(Data entries)
_ _ _

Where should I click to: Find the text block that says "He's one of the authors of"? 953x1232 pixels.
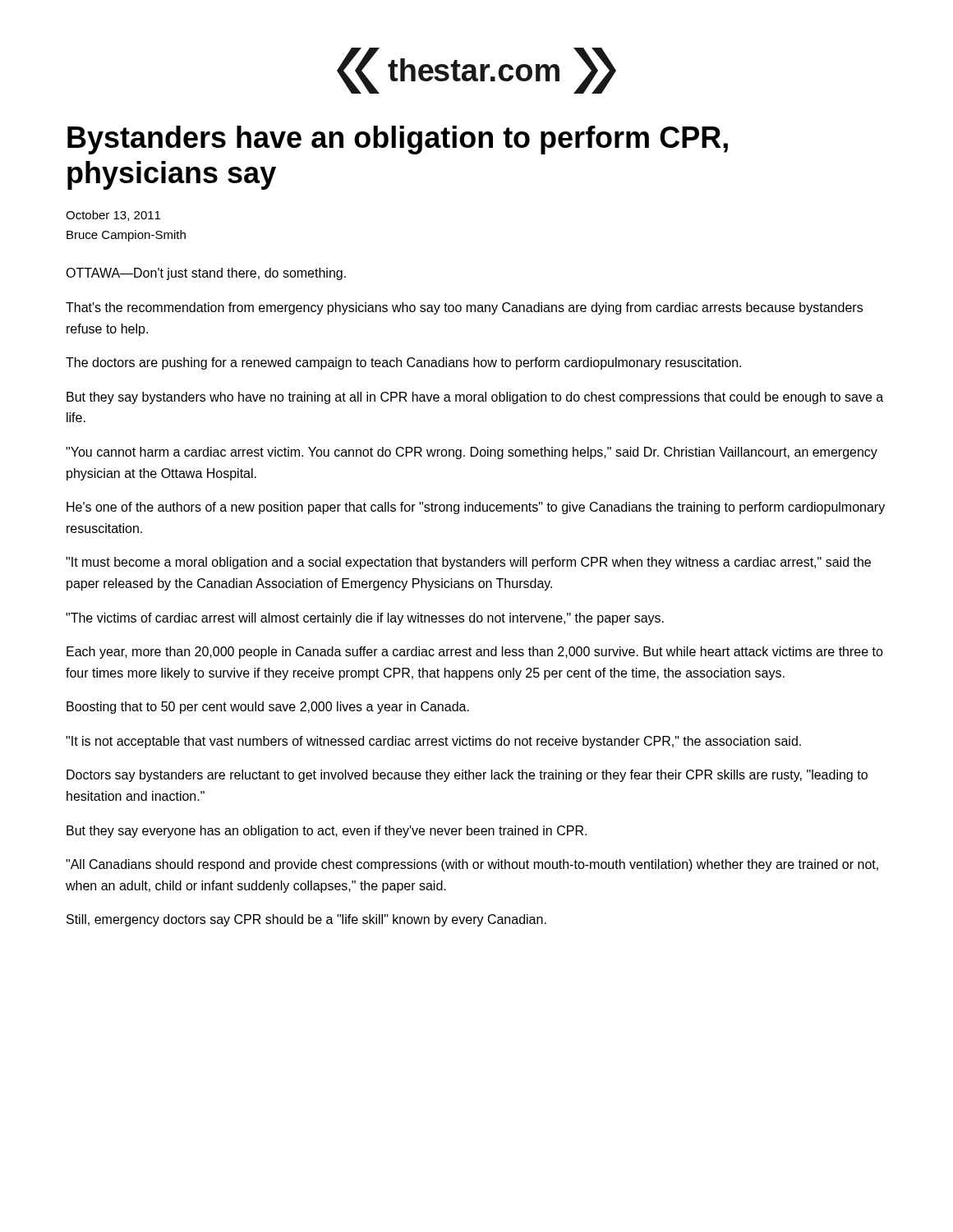(x=476, y=518)
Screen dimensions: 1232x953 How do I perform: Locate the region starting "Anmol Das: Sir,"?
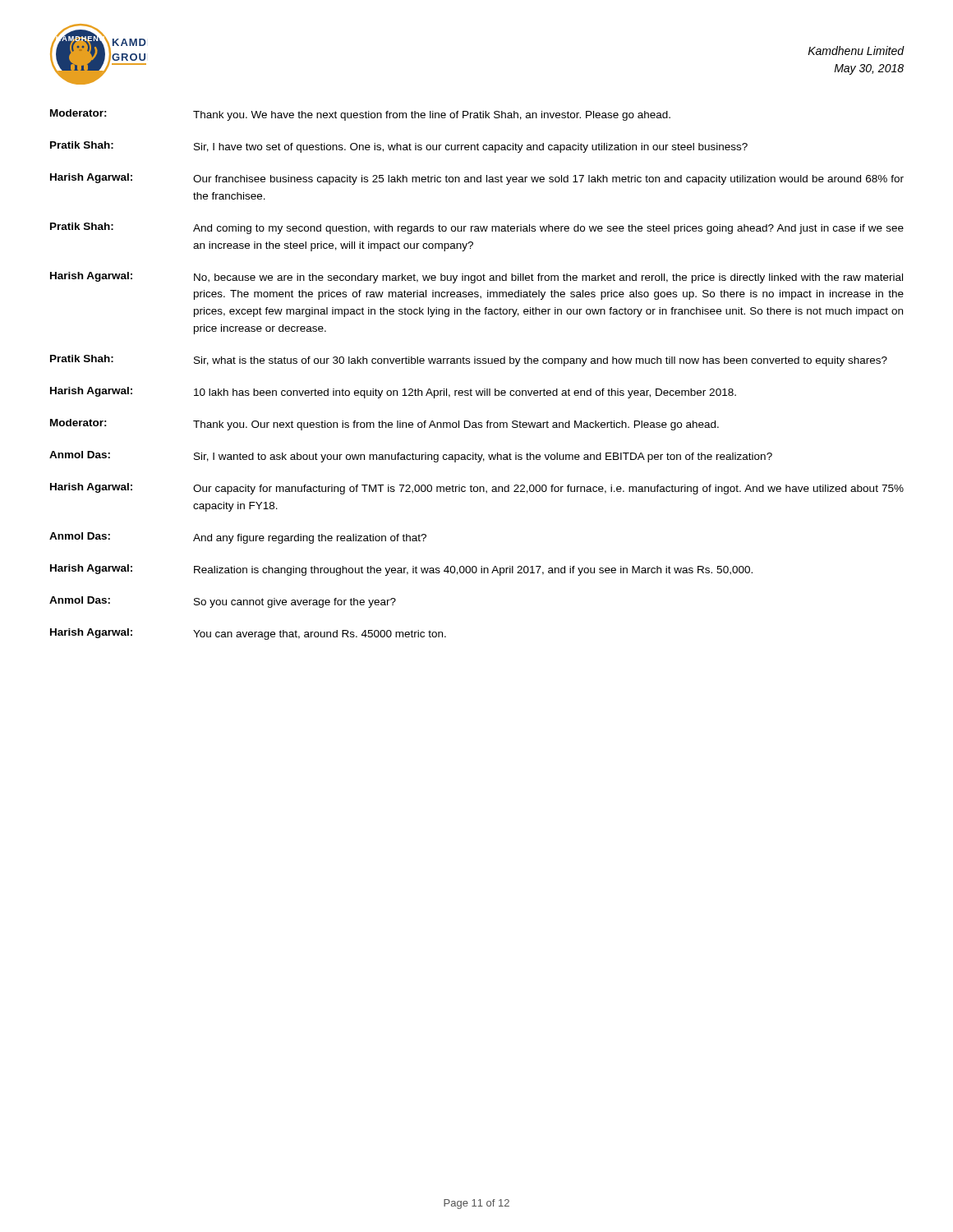[476, 457]
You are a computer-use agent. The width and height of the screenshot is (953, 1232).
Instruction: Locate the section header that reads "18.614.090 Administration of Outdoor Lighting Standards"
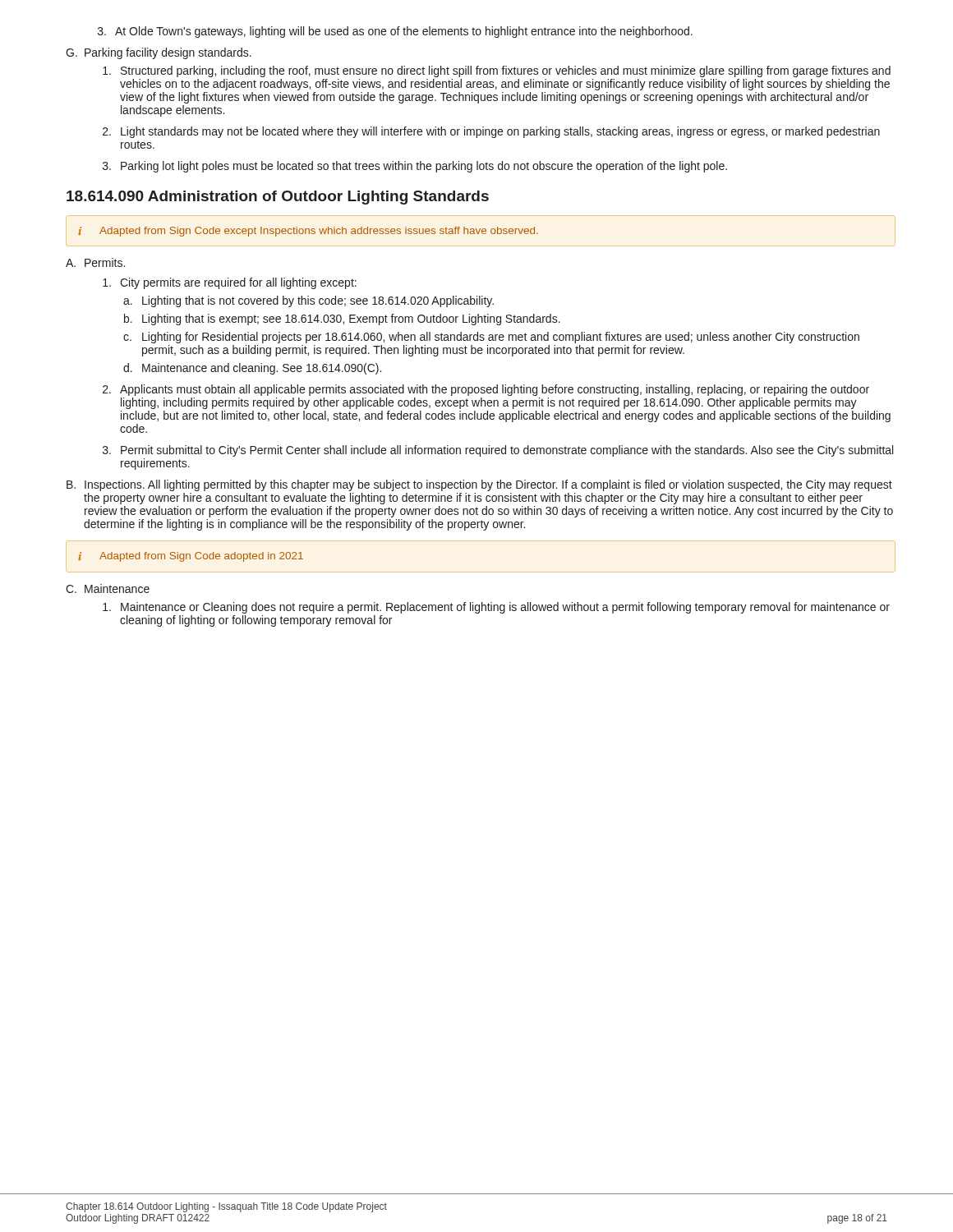coord(278,196)
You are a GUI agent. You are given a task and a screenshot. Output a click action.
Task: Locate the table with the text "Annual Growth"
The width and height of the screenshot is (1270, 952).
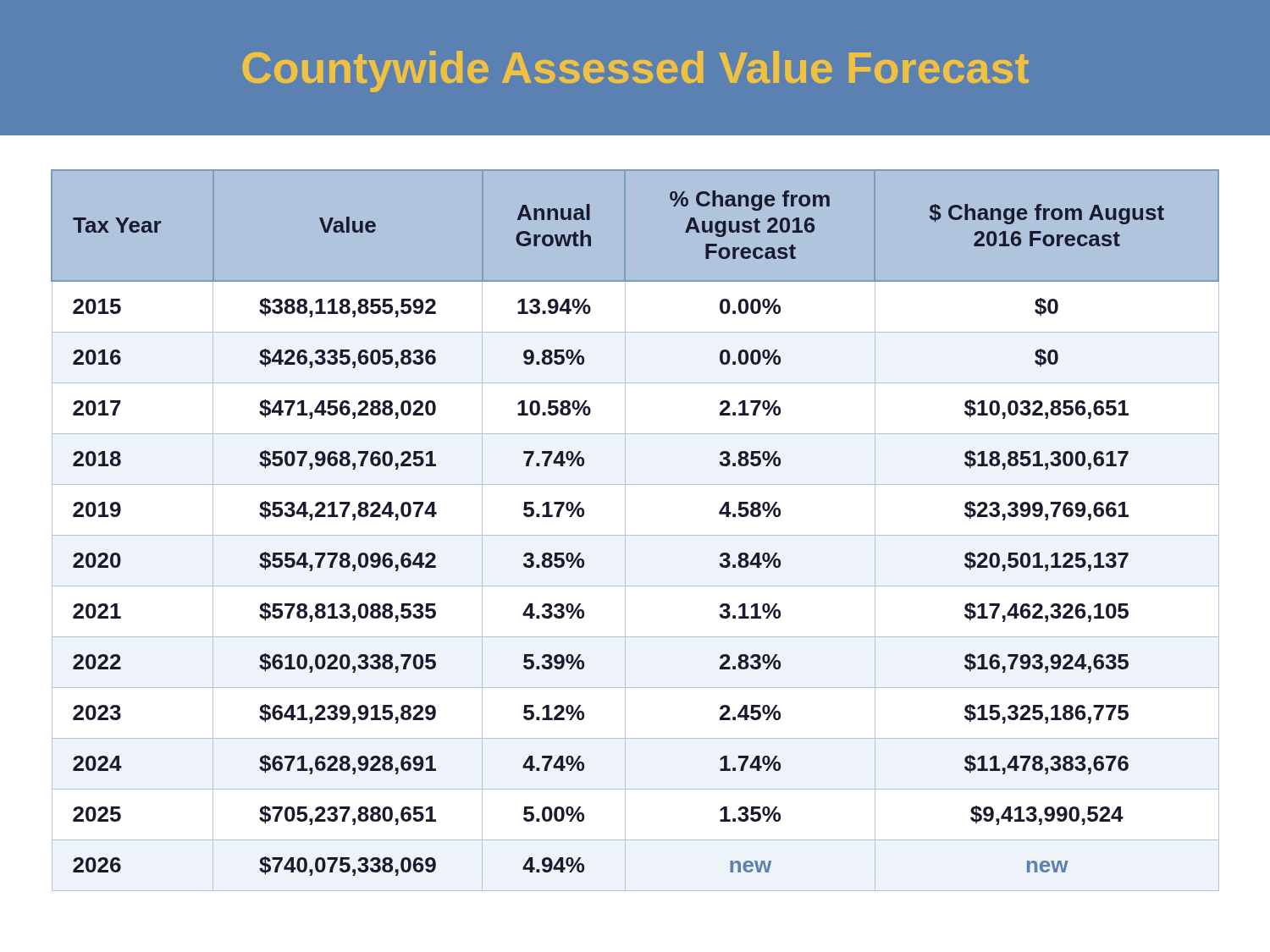point(635,522)
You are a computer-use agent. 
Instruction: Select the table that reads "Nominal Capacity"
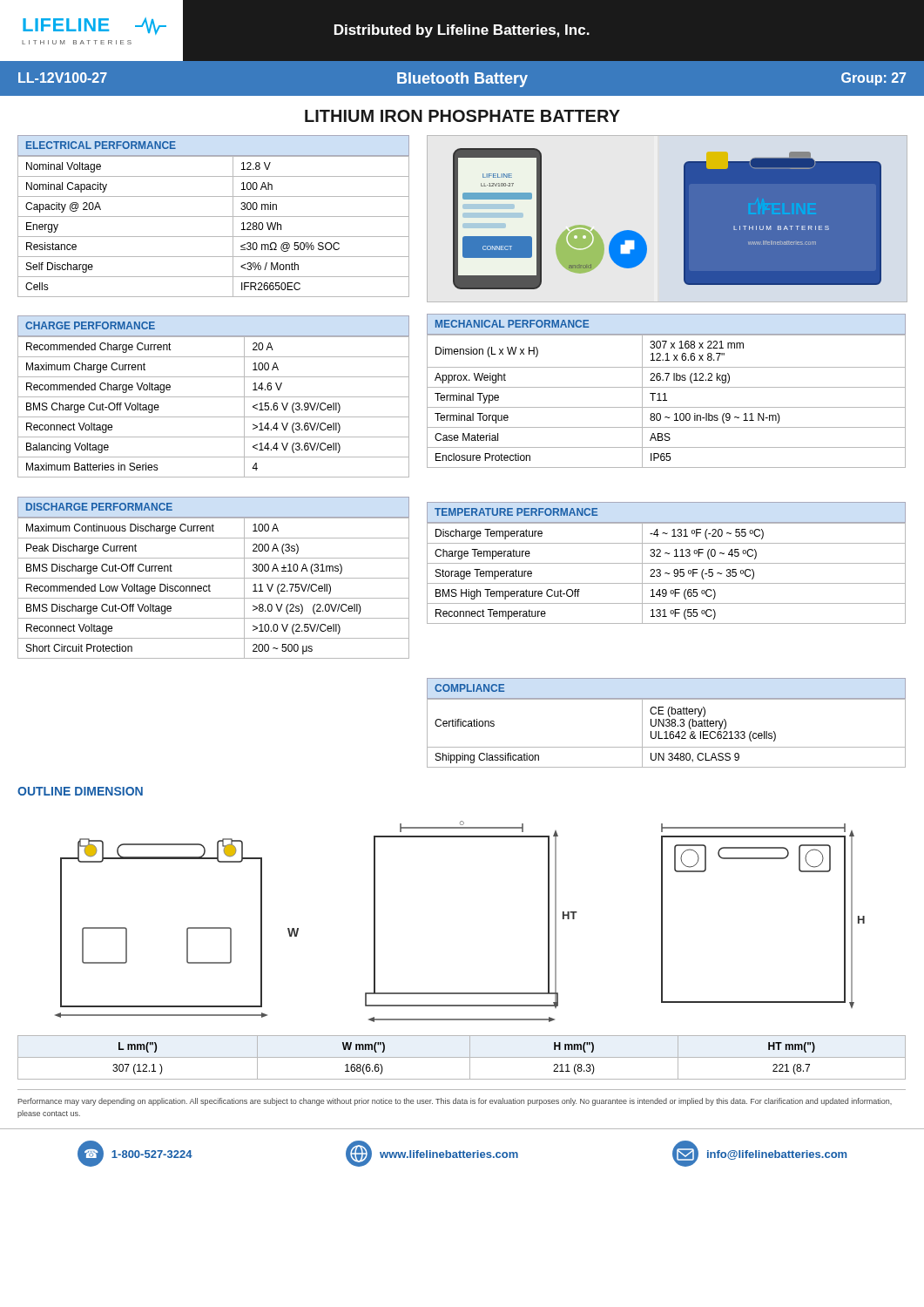(213, 216)
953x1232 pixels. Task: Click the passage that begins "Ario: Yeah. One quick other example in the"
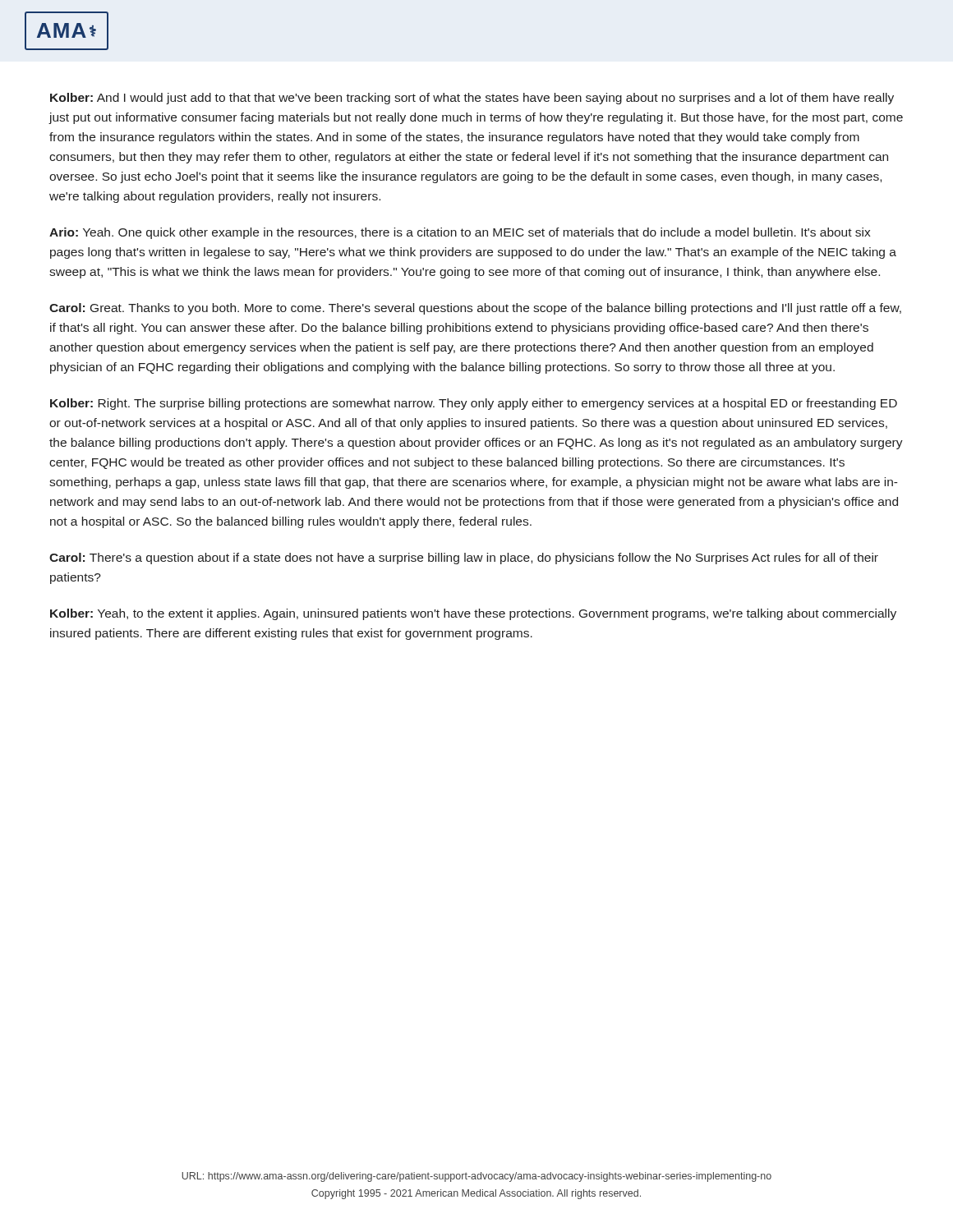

_ _ _

WHAT TO WORK ON »
Give the data back exactly, omitting all pictures.

RESULT OF THIS TASK »
Where should I click to: Find the text block that says "He's one of the authors of"? 953x1232 pixels.
(x=476, y=518)
Screen dimensions: 1232x953 How do I perform: Locate the region starting "Anmol Das: Sir,"?
[476, 457]
You are a computer-use agent. The width and height of the screenshot is (953, 1232).
Instruction: Locate the section header that reads "18.614.090 Administration of Outdoor Lighting Standards"
coord(278,196)
You are a GUI agent. You are given a task and a screenshot. Output a click action.
Task: Locate the table with the text "Annual Growth"
The width and height of the screenshot is (1270, 952).
point(635,522)
You are a computer-use agent. 
Instruction: Select the table that reads "Nominal Capacity"
(213, 216)
953x1232 pixels. Task: Click the passage that begins "Ario: Yeah. One quick other example in the"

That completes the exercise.